Per coglierlo correttamente però, bisogna evitare letture semplicistiche che possano stabilire tra le diverse elezioni automatismi annidati solo nella fantasia di chi li propone.
Il voto siciliano, come qualsiasi altra consultazione elettorale, aiuta a comprendere umori e tendenze di fondo che riguardano l’intero corpo elettorale.

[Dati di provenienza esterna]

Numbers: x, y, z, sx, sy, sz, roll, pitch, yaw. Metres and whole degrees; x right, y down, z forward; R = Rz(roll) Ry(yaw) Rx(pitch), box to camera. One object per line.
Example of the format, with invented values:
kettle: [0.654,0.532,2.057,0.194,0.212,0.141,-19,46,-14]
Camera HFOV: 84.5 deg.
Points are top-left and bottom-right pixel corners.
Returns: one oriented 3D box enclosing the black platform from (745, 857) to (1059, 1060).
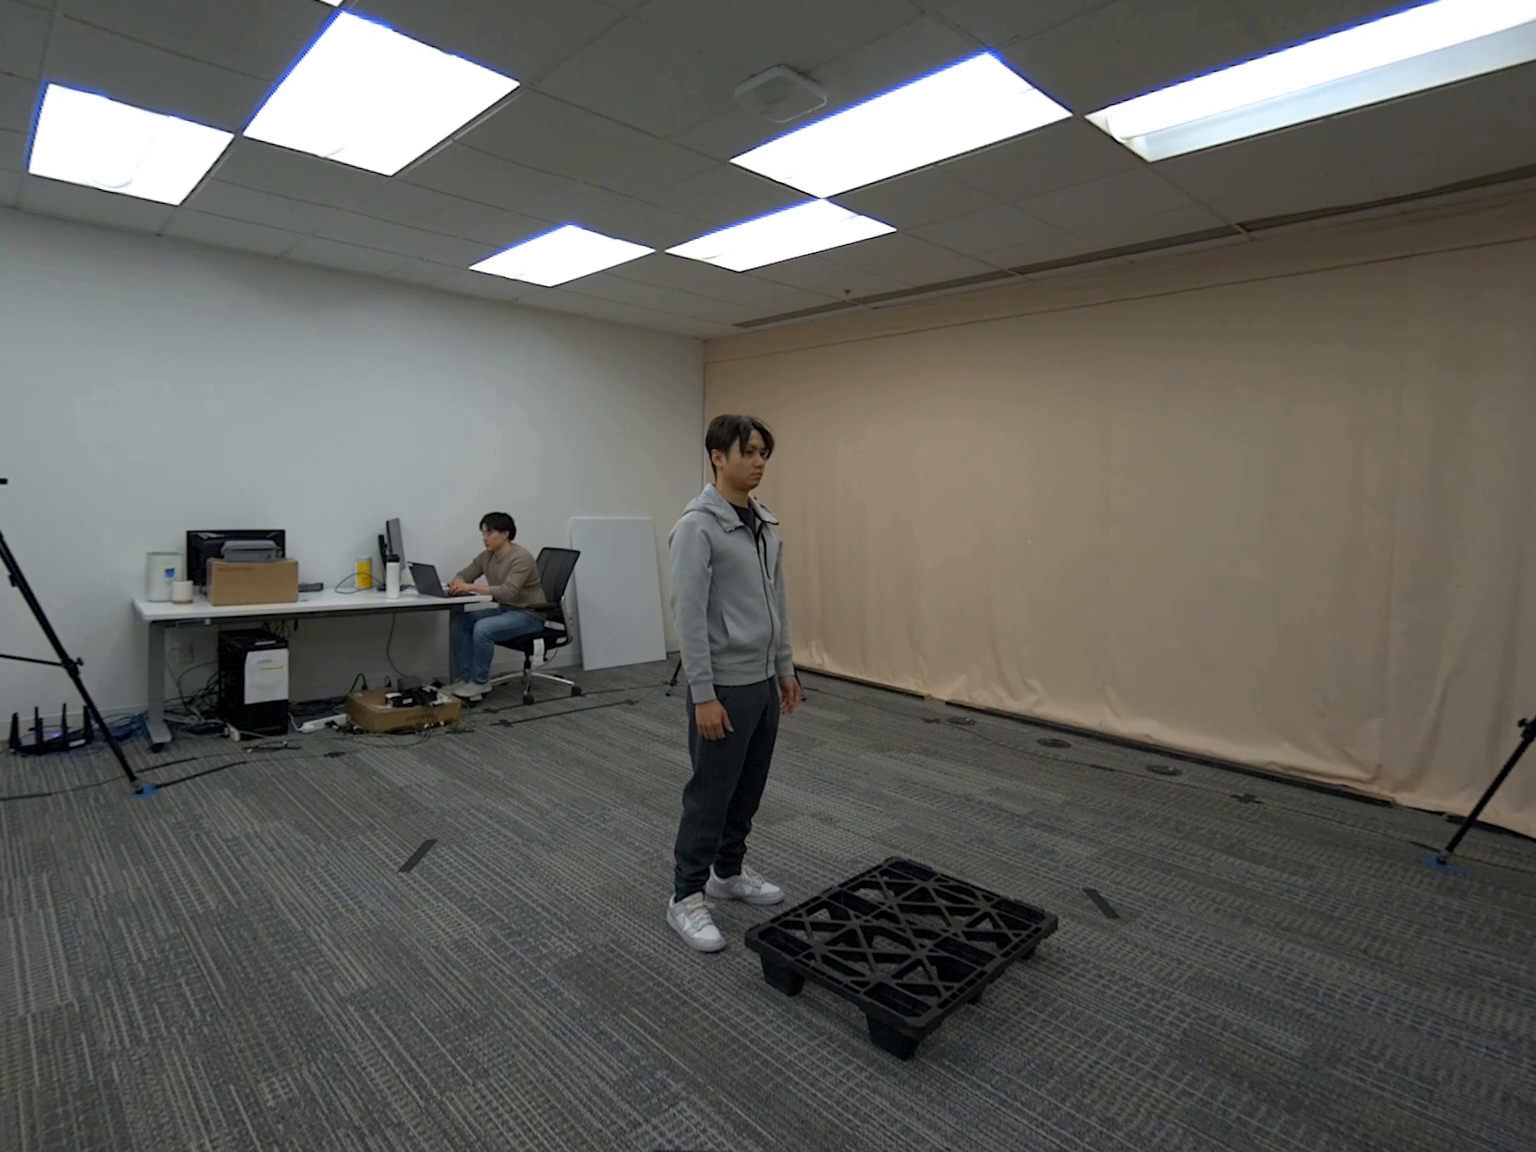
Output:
black platform: [0.396,1.107,2.519,0.621,0.143,0.787,6,7,43]

Prendiamo ad esempio il problema dell’astensionismo. Da alcuni anni assistiamo alla sua crescita costante (salvo rare eccezioni). Un fenomeno particolarmente inquietante e preoccupante in generale. Ma ancora di più quando al voto sono interessate istituzioni che dovrebbero essere le più “vicine” ai cittadini. Un segnale di distacco e di sfiducia che coinvolge tutti i partiti e gli schieramenti, spesso volutamente ignorato anche perché rivelatore della fragilità delle vittorie o della pesantezza delle sconfitte. Se, come nel caso Sicilia, vota il 47% degli aventi diritto è un fatto grave in sé, lo è ancora di più se si pensa che chi ha vinto con il 40% rappresenta realmente solo 18 elettori su cento (in termini assoluti stiamo parlando di 830.821 oti su 4.661.123 elettori).

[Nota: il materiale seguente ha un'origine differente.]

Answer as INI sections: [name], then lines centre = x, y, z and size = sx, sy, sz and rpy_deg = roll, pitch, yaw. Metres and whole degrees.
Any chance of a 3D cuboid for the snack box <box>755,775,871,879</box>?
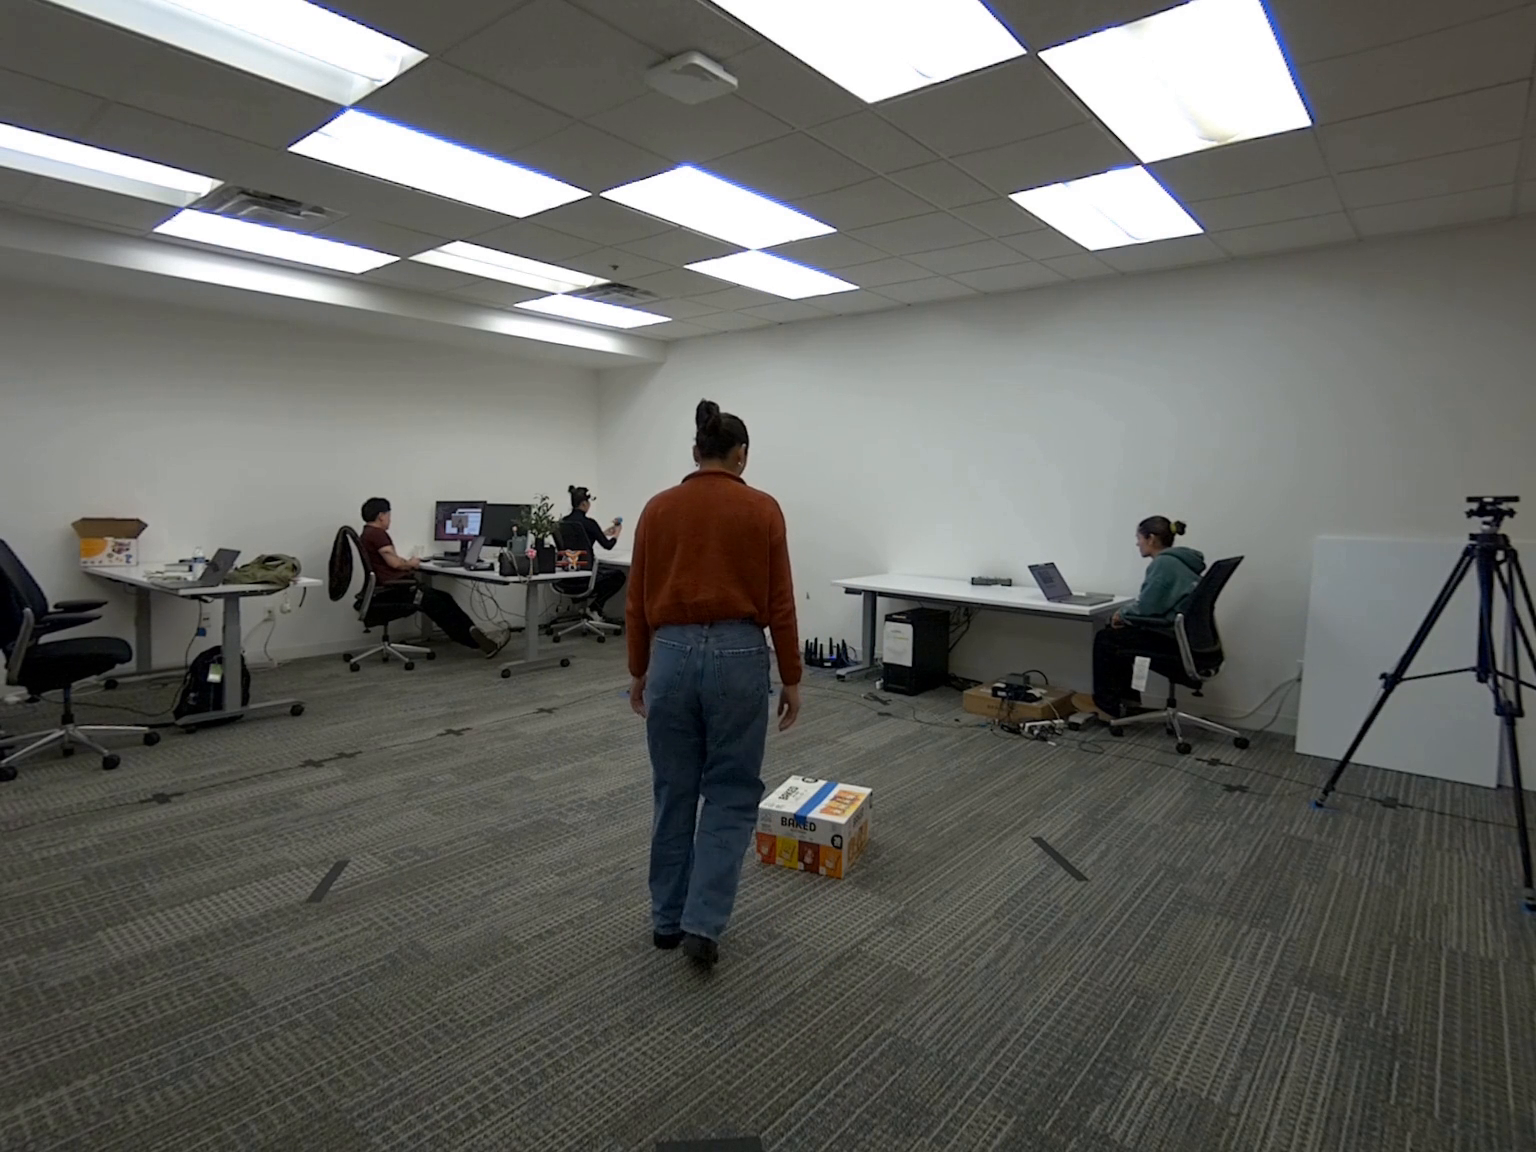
[snack box]
centre = 0.179, 0.953, 3.287
size = 0.349, 0.205, 0.397
rpy_deg = 4, 6, 23

A maggiore ragione ci sarebbe da chiedersi chi rappresenterà realmente la futura “maggioranza “ di OSTIA se il dato del primo turno (un terzo degli elettori al voto) sarà confermato nel secondo.
Un altro elemento su cui riflettere è l’astensionismo oscillante, cioè la non partecipazione al voto che di volta in volta colpisce uno schieramento o l’altro. Al punto da risultare determinante sull’esito stesso della consultazione.
Il problema di un astensionismo così rilevante ed esteso può essere risolto solo interrogandosi sulle cause che l’hanno prodotto e che sono tutte politiche. Nel senso che attengono alla “percezione” che i cittadini hanno della politica e delle istituzioni. Una “percezione” strettamente connessa alle condizioni materiali di ciascuno e determinata dalle risposte fuorvianti date dalla politica, dalle istituzioni, dai partiti. Ormai la “rappresentatività” si è ristretta talmente tanto da generare nei comportamenti elettorali – e non solo – fenomeni patologici. Negli anni passati si è pensato di colmare il divario partecipativo concentrandosi ossessivamente sulle norme elettorali. Norme finalizzate spesso a trasformare minoranze sempre più esigue in “solide” maggioranze di governo. Una scelta che ha contribuito a restringere di fatto la partecipazione e gli spazi democratici consegnandoli sempre più nelle mani delle tifoserie o, come dimostra anche il caso siciliano, di gruppi portatori di voti vendibili al migliore offerente.
Da questa crisi di legittimazione che colpisce le basi stesse della nostra democrazia si può uscire solo con una politica di cambiamento capace cioè di rimettere sostanzialmente in discussione contenuti e metodi seguiti fin qui. Una politica cioè capace di ripartire dai bisogni e dalle domande dei cittadini e non da calcoli elettoralistici e di potere. Una politica capace di rileggersi e attuare l’articolo 3 della nostra Costituzione. Una politica capace di realizzare un circuito virtuoso tra società e istituzioni e, soprattutto, non più supina nei confronti dei poteri forti vecchi o nuovi che siano. Partendo da qui anche la nostra prossima consultazione regionale e quella nazionale potranno avere un segno completamente diverso dal passato stimolando l’impegno e la presenza di quanti finora si sono rifugiati nell’astensionismo.